Bir gün böyle düşünürken bir dostuma durumdan yakındım. “İnsanlar çok kötü oldu. Dünya git gide yaşanılmaz bir hal alıyor.” dediğimde “Dünya ne zaman yaşanılır bir yerdi ki? Efendimiz(asv) buyurmuş; dünya müminin zindanıdır.” dedi. “Tamam, dünya hiç yaşanılır bir yer değil ama bu dönem en yaşanılmaz dönemdir.” dedim. “Niye? Kız çocukları diri diri toprağa mı gömülüyor?” cevabını alınca İslam öncesi dönemlerin durumu bir film şeridi gibi gözlerimin önünden geçti. Birçoğunu buraya yazmaya hayâ ediyorum.
Evet, dünya hiç yaşanılır bir yer olmadı. Dünya zindan, dünya hapishane. Ruhuyla, bedeniyle cennette uçan Hz. Âdem ve Hz. Havva’nın, bedene ve çeşitli ihtiyaçlara hapsedilip gönderildiği yerdir dünya.
Ruh ebediyete müştaktır. Beden onun kafesi… Kafeslenmiş ruhumuzun etrafında bir de dünyadan, dünyalıklardan duvarlar var. Her zulüm, her bir isyan yoruyor bizi. O güzel çocukluk dönemleri geride kaldı artık. Sokaklarda oynayan çocuklar çok az. Her yer kablolarla veya kablosuz ağlarla sarılmış. Peki ya çocuklarımızı nasıl bir gelecek bekliyor?
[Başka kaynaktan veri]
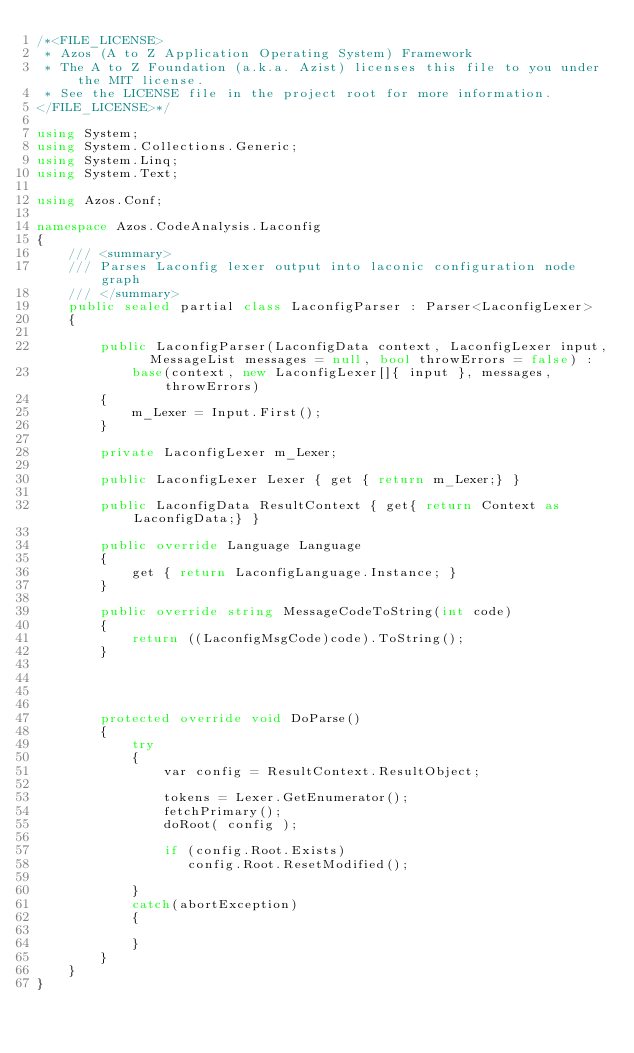<code> <loc_0><loc_0><loc_500><loc_500><_C#_>/*<FILE_LICENSE>
 * Azos (A to Z Application Operating System) Framework
 * The A to Z Foundation (a.k.a. Azist) licenses this file to you under the MIT license.
 * See the LICENSE file in the project root for more information.
</FILE_LICENSE>*/

using System;
using System.Collections.Generic;
using System.Linq;
using System.Text;

using Azos.Conf;

namespace Azos.CodeAnalysis.Laconfig
{
    /// <summary>
    /// Parses Laconfig lexer output into laconic configuration node graph
    /// </summary>
    public sealed partial class LaconfigParser : Parser<LaconfigLexer>
    {

        public LaconfigParser(LaconfigData context, LaconfigLexer input,  MessageList messages = null, bool throwErrors = false) :
            base(context, new LaconfigLexer[]{ input }, messages, throwErrors)
        {
            m_Lexer = Input.First();
        }

        private LaconfigLexer m_Lexer;

        public LaconfigLexer Lexer { get { return m_Lexer;} }

        public LaconfigData ResultContext { get{ return Context as LaconfigData;} }

        public override Language Language
        {
            get { return LaconfigLanguage.Instance; }
        }

        public override string MessageCodeToString(int code)
        {
            return ((LaconfigMsgCode)code).ToString();
        }




        protected override void DoParse()
        {
            try
            {
                var config = ResultContext.ResultObject;

                tokens = Lexer.GetEnumerator();
                fetchPrimary();
                doRoot( config );

                if (config.Root.Exists)
                   config.Root.ResetModified();

            }
            catch(abortException)
            {

            }
        }
    }
}
</code> 
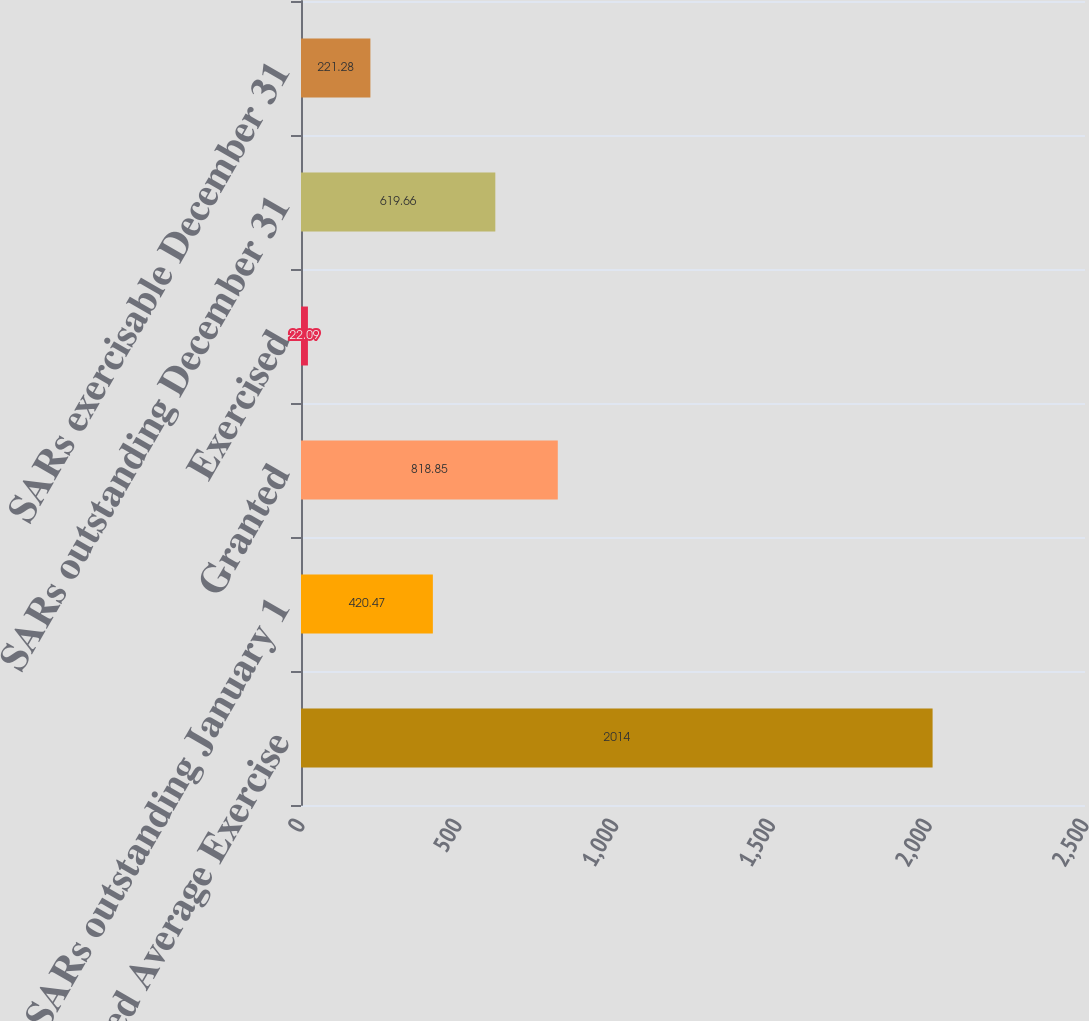<chart> <loc_0><loc_0><loc_500><loc_500><bar_chart><fcel>Weighted Average Exercise<fcel>SARs outstanding January 1<fcel>Granted<fcel>Exercised<fcel>SARs outstanding December 31<fcel>SARs exercisable December 31<nl><fcel>2014<fcel>420.47<fcel>818.85<fcel>22.09<fcel>619.66<fcel>221.28<nl></chart> 
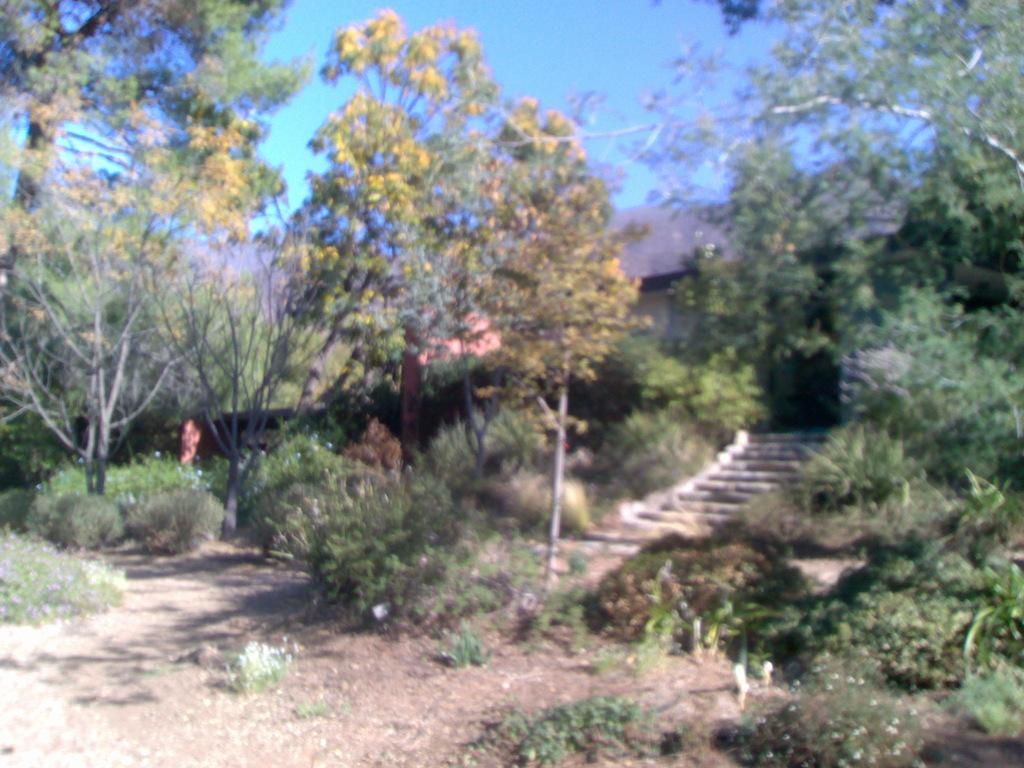What type of vegetation can be seen in the image? There are shrubs and trees in the image. Are there any architectural features present in the image? Yes, there are steps in the image. What type of building is visible in the image? There is a house in the image. What color is the sky in the background of the image? The sky is blue in the background of the image. How does the fog affect the visibility of the shrubs in the image? There is no fog present in the image, so it does not affect the visibility of the shrubs. What type of cabbage is growing near the house in the image? There is no cabbage present in the image. 
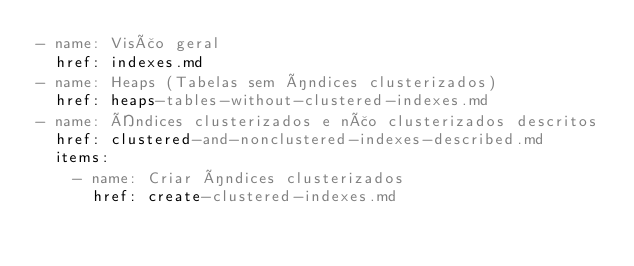<code> <loc_0><loc_0><loc_500><loc_500><_YAML_>- name: Visão geral
  href: indexes.md
- name: Heaps (Tabelas sem índices clusterizados)
  href: heaps-tables-without-clustered-indexes.md
- name: Índices clusterizados e não clusterizados descritos
  href: clustered-and-nonclustered-indexes-described.md
  items:
    - name: Criar índices clusterizados
      href: create-clustered-indexes.md</code> 
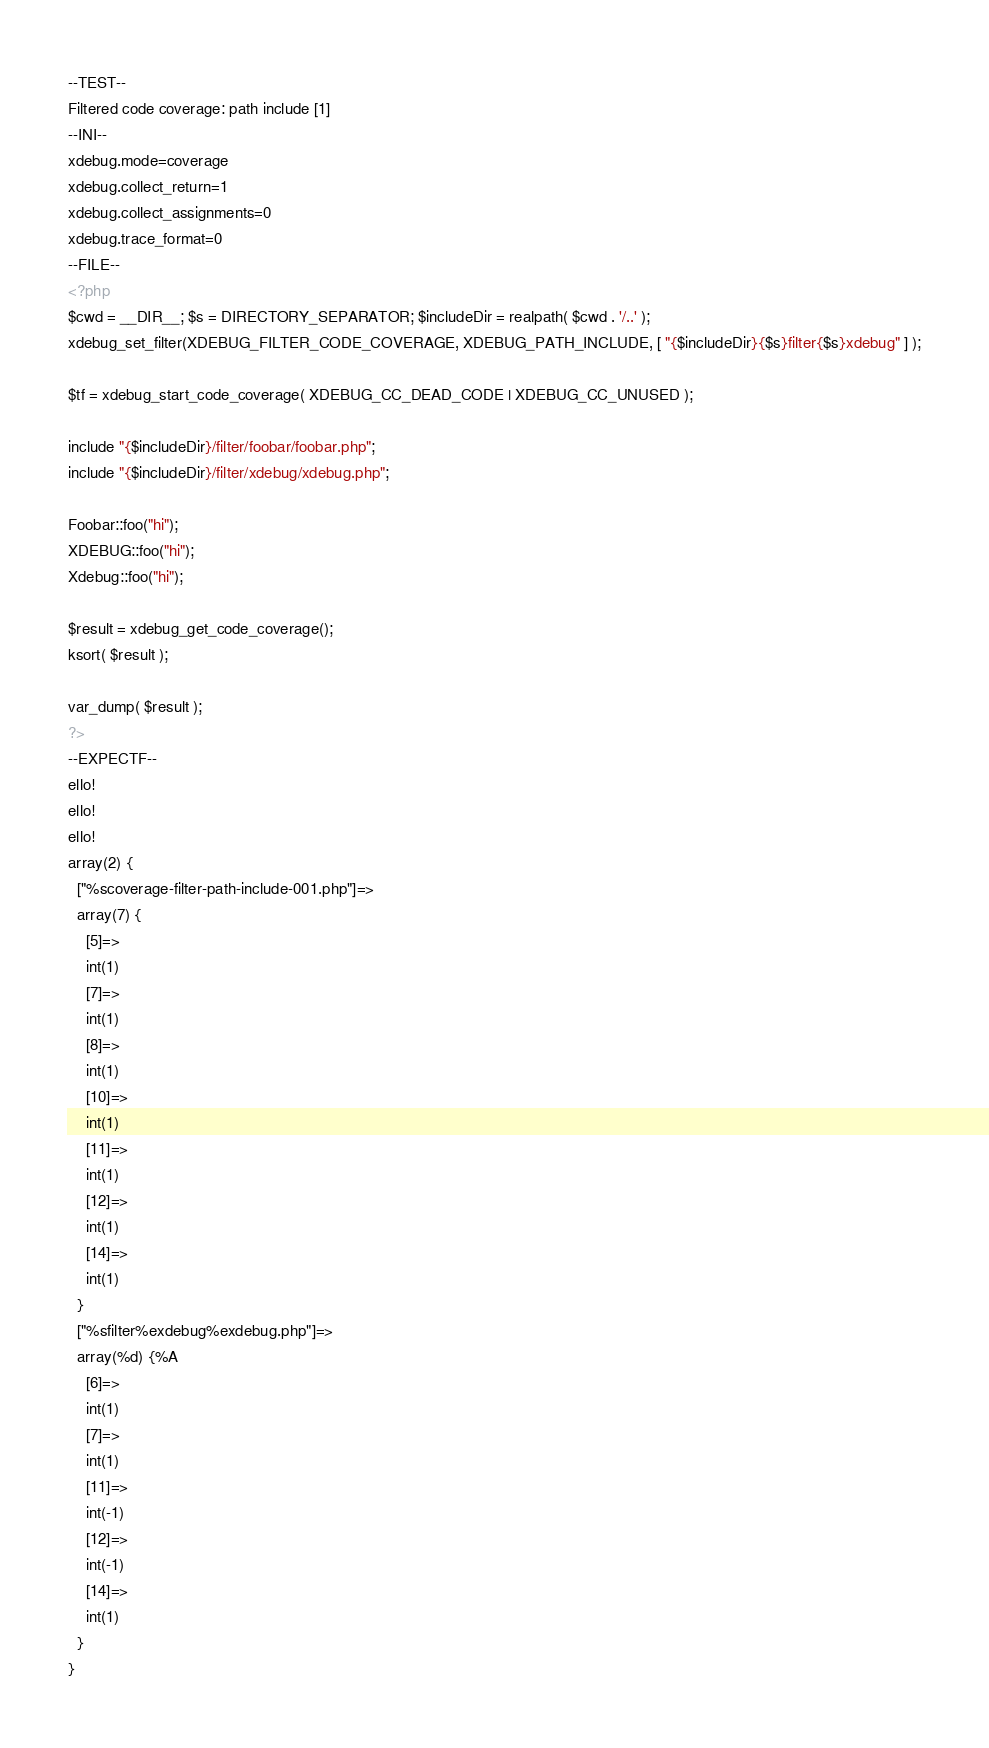Convert code to text. <code><loc_0><loc_0><loc_500><loc_500><_PHP_>--TEST--
Filtered code coverage: path include [1]
--INI--
xdebug.mode=coverage
xdebug.collect_return=1
xdebug.collect_assignments=0
xdebug.trace_format=0
--FILE--
<?php
$cwd = __DIR__; $s = DIRECTORY_SEPARATOR; $includeDir = realpath( $cwd . '/..' );
xdebug_set_filter(XDEBUG_FILTER_CODE_COVERAGE, XDEBUG_PATH_INCLUDE, [ "{$includeDir}{$s}filter{$s}xdebug" ] );

$tf = xdebug_start_code_coverage( XDEBUG_CC_DEAD_CODE | XDEBUG_CC_UNUSED );

include "{$includeDir}/filter/foobar/foobar.php";
include "{$includeDir}/filter/xdebug/xdebug.php";

Foobar::foo("hi");
XDEBUG::foo("hi");
Xdebug::foo("hi");
	
$result = xdebug_get_code_coverage();
ksort( $result );

var_dump( $result );
?>
--EXPECTF--
ello!
ello!
ello!
array(2) {
  ["%scoverage-filter-path-include-001.php"]=>
  array(7) {
    [5]=>
    int(1)
    [7]=>
    int(1)
    [8]=>
    int(1)
    [10]=>
    int(1)
    [11]=>
    int(1)
    [12]=>
    int(1)
    [14]=>
    int(1)
  }
  ["%sfilter%exdebug%exdebug.php"]=>
  array(%d) {%A
    [6]=>
    int(1)
    [7]=>
    int(1)
    [11]=>
    int(-1)
    [12]=>
    int(-1)
    [14]=>
    int(1)
  }
}
</code> 
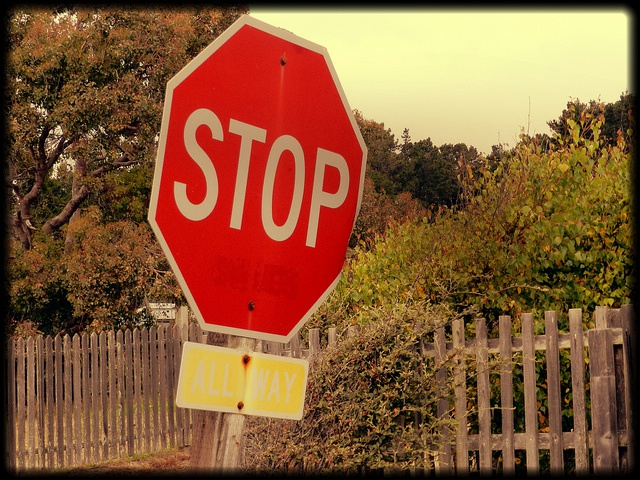Describe the objects in this image and their specific colors. I can see a stop sign in black, brown, and tan tones in this image.

Ümitsizliğe gerek yok. Zira belki de ilk insanlardan beri herkes geçmişteki yaşantıya özlem duyuyor, dünyanın kötülüğünden yakınıyor. Ancak iyiler her zaman iyidir, kötüler de kötü. İyilik ve kötülük değişmiyor. Bizler çocuklarımıza iyi bir dünya bırakamamış olabiliriz ancak onlara miras olarak güzel ahlak ve insanlık bıraktıysak ne mutlu…
“Gün gelir dertsizlik dert olur.” demişler. Güzel bir derdimiz olsa, zaten o dertle ömür geçer. Derdin güzeli de vardır. Dertlerin en güzeli, İslam davasıdır. Allah rızasını kazanmanın derdini kendi nefsimize ve çocuklarımıza aşılayalım. Mazlumların derdiyle dertlenmek, iyi bir insan olmaya, kendini yetiştirmeye çalışmak, dünya zindanını Yusuf Aleyhisselam misali ilim yuvasına çevirmek, dünyayı bizi cennete ulaştıracak bir binek olarak görmek ve öyle yaşamak dünyaya neden geldiğimizi bize hatırlatacak ve sıkıntılarımızı azaltacaktır Allah’ın izniyle.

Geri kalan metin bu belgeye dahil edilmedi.